Trataré de explicarme. Empecemos por lo público. La crisis aprieta, los recursos escasean, el Estado necesita financiase y reducir su deuda y el mundo rural tantas veces olvidado puede ahora convertirse en una buena fuente de recursos.

 No podría asegurar que  sea esa la única justificación de los motivos  que fundamentan  la  inminente reforma de la administración local, pero la pérdida de autonomía local en su toma de decisiones, la capacidad de regular sus aprovechamientos, la competencia para gestionar sus recursos, si podría ser una de sus consecuencias. Ni que decir tiene que el terreno esta abonado. El inframunicipalismo, unido al alarmante despoblamiento del mundo rural, limitan su capacidad de respuesta. No seré yo quien me oponga a  unas mayores exigencias de transparencia en los asuntos locales. Todo lo contrario. Resulta inadmisible y absolutamente sospechoso  que en el tiempo que llevamos de democracia no se hayan promovido y exigido mayores  cuotas de transparencia por quienes  han mandado, o mejor dicho mangoneado,  con el consentimiento expreso o tácito  de   sus organismos de descontrol. Todos sabemos que los organismos de control o descontrol  guardaban los informes en sus  cajones. A conveniencia  de las mayorías políticas dominantes. Pero la  solución no puede pasar  por la desaparición   de los pequeños entes locales, o por su tránsito a  la irrelevancia,  para mayor provecho de no se sabe quien.  Al contrario, es el momento  de  iniciar el camino de la reforma, ya que todo lo que no se trasforma desaparece. No  es momento de la contrarreforma. Juzguen ustedes sin en este tránsito  las fuerzas están equiparadas.
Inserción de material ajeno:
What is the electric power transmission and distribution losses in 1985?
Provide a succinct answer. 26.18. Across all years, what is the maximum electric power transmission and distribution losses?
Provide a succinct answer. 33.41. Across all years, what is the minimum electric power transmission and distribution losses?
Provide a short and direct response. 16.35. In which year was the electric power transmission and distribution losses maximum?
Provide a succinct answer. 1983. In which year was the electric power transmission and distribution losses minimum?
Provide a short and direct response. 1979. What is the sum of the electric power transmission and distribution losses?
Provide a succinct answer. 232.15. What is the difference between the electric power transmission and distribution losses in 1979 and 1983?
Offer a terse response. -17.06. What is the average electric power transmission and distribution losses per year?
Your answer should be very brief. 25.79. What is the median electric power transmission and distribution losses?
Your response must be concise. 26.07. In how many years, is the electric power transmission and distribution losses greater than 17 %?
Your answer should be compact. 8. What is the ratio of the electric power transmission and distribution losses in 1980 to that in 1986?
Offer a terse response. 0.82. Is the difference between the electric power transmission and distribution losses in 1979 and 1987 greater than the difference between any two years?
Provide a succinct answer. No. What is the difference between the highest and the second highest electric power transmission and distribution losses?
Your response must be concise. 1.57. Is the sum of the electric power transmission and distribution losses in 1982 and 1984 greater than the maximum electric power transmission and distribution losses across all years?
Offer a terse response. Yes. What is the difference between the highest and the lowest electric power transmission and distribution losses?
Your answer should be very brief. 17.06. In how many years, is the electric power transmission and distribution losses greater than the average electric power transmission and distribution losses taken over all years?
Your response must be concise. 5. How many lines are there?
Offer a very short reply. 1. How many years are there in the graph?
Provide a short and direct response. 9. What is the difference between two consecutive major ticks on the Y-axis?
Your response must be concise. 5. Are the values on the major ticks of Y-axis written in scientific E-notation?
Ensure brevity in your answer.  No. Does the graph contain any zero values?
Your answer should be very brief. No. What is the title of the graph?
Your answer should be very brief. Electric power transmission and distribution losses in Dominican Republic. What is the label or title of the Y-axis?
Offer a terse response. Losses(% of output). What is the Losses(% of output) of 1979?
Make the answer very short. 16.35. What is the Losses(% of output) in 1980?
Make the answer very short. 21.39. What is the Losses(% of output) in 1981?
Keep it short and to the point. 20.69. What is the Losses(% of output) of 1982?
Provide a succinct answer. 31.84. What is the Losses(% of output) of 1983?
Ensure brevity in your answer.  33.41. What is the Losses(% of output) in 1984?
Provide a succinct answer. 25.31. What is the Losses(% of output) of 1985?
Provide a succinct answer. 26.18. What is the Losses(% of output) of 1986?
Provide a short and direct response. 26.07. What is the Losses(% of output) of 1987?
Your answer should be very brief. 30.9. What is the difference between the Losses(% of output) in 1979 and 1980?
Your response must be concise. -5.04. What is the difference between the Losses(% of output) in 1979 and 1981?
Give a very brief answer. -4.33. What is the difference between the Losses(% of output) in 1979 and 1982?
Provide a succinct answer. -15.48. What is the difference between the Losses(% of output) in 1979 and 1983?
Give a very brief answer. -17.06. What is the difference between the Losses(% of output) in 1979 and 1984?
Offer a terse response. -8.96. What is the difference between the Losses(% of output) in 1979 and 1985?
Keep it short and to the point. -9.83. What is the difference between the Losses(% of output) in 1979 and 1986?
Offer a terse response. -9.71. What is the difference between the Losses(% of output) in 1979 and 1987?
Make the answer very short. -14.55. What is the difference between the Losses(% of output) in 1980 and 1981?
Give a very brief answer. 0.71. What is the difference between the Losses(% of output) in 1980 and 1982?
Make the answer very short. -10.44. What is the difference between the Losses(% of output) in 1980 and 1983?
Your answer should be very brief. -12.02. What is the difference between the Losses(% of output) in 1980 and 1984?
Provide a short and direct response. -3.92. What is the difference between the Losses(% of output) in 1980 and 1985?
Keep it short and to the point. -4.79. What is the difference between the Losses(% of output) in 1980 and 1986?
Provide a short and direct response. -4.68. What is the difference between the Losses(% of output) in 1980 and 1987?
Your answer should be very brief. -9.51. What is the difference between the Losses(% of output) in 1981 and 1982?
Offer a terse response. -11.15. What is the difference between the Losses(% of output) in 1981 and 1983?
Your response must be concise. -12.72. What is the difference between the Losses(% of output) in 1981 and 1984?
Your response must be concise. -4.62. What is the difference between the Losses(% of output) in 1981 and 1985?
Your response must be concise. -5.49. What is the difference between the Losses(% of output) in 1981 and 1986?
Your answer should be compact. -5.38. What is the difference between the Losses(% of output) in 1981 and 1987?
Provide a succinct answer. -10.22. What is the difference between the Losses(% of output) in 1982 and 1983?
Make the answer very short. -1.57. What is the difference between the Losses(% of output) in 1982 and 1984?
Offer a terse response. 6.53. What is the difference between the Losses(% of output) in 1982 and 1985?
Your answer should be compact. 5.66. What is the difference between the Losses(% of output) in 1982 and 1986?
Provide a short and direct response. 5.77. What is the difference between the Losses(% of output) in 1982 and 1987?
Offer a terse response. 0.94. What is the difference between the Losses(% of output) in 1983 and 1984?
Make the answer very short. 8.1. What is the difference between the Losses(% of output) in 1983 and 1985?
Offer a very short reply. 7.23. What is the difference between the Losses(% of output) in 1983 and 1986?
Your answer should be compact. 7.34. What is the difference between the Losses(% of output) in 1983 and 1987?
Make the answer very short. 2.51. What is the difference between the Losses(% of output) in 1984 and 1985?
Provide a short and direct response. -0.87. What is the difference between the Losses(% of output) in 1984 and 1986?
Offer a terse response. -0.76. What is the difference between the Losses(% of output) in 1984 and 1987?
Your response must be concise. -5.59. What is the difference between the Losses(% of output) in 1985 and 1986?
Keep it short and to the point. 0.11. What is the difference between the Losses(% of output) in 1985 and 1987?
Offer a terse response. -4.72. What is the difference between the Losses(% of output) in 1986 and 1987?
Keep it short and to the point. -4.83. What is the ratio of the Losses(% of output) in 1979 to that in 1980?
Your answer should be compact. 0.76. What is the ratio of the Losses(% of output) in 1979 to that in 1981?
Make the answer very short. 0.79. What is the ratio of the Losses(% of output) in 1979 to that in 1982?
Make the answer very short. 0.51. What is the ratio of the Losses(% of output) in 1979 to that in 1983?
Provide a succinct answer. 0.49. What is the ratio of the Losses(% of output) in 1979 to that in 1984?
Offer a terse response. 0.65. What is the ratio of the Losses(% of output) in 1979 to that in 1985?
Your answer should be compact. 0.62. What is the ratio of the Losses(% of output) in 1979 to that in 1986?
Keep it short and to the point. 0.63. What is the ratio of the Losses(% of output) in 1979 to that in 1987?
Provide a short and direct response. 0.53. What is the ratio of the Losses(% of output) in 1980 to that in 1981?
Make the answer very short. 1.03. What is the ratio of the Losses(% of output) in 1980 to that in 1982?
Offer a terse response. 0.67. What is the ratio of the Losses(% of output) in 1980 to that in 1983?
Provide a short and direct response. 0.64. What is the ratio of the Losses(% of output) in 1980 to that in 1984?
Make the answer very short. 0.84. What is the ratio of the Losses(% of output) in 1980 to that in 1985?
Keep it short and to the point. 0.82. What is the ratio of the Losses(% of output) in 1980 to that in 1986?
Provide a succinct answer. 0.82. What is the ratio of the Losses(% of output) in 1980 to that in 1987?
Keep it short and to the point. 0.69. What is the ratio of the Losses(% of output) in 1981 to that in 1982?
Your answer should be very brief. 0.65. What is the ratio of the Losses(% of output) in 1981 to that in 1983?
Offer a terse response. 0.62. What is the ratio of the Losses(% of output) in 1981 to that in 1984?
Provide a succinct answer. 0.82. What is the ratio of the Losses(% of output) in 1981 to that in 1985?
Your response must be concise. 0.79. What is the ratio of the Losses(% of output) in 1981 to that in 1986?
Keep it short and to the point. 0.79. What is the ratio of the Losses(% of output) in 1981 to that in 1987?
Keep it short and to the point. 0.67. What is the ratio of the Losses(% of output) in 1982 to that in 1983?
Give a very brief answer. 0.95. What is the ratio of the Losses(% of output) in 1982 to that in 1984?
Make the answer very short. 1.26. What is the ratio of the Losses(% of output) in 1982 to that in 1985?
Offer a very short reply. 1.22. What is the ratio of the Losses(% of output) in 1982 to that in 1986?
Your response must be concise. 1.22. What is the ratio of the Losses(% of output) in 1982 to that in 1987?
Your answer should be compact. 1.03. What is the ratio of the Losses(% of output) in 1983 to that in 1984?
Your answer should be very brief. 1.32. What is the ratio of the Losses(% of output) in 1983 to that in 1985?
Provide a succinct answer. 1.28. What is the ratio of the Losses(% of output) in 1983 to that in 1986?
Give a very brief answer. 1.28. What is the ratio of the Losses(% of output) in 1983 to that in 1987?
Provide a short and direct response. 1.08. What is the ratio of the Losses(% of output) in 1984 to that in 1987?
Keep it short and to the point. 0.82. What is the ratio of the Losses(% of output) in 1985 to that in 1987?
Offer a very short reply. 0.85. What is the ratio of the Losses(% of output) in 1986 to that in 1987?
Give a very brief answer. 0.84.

Pero con ser muy importante lo público, no  es lo único que puede preocuparnos.  No es ese aprovechamiento el único al que  esencialmente quiero referirme. Inicié esta  reflexión  con otros pensamientos. Me preocupan también   los aprovechamientos privados. Efectivamente, en los últimos tiempos oímos  hablar de nuevas técnicas de extracción de gas, lo que se conoce como fractura hidráulica. Se mezclan muchos temas: dependencia energética exterior, peso  de la factura energética  en la deuda, ventajas y desventajas    del método conocido vulgarmente  como fracking, afecciones  sobre los acuíferos, movimientos sísmicos, salud humana… Se escribe mucho, en uno y otro sentido. No me siento capaz de enjuiciar las ventajas e inconvenientes desde el punto de vista energético. Pero cuidado, no nos olvidemos que se trata  de un aprovechamiento más  del medio rural. ¿Un aprovechamiento más? ¿en beneficio de quién?. Posiblemente no estemos hablando de un aprovechamiento más y el beneficio, en principio, es exclusivo  de empresas privadas que en este caso pretenden explotar un recurso público por más que al hablar de energía estén en juego intereses generales. Empresas privadas que llegaran como elefante en cacharrería. Que explotarán el medio. Que repartirán limosnas. Que jurarán y perjurarán ser, inocuas, ecológicas y medioambientalmente responsables. En contra, se posicionan  los ecologistas, moderados y más radicales, con razón o sin ella. Pero ¿quién se ocupa de verdad de los intereses de la zona?, me temo que nadie. A las empresas solo les interesa el oro líquido. ¿Dónde esta su plan de empleo?  No existe. No les preocupa en absoluto. No ha existido en  la zona, ni en este siglo ni en el pasado, plan alguno tendente al desarrollo sostenible de la misma. Una zona en gran parte despoblada sobre la que, qué casualidad, tradicionalmente han puesto sus miradas los grandes operadores del sector energético y otros afines. Llevamos cuarenta años con una central nuclear que dicen que crea empleo. Pero el territorio sobre el que se asienta adolece del mal endémico de la despoblación. ¿Y  en el páramo?  Fabricamos explosivos ¿para quién? ¿en beneficio de quién?. Sin comentarios. ¿Existen poblaciones sostenibles en su entorno derivadas de la actividad industrial?. Yo diría que no. Además, ahora  resulta que la zona interesa para inyectar CO2 a cambio de un plato de lentejas. O para verter el detritus que produce la gran urbe.¡Qué casualidad!.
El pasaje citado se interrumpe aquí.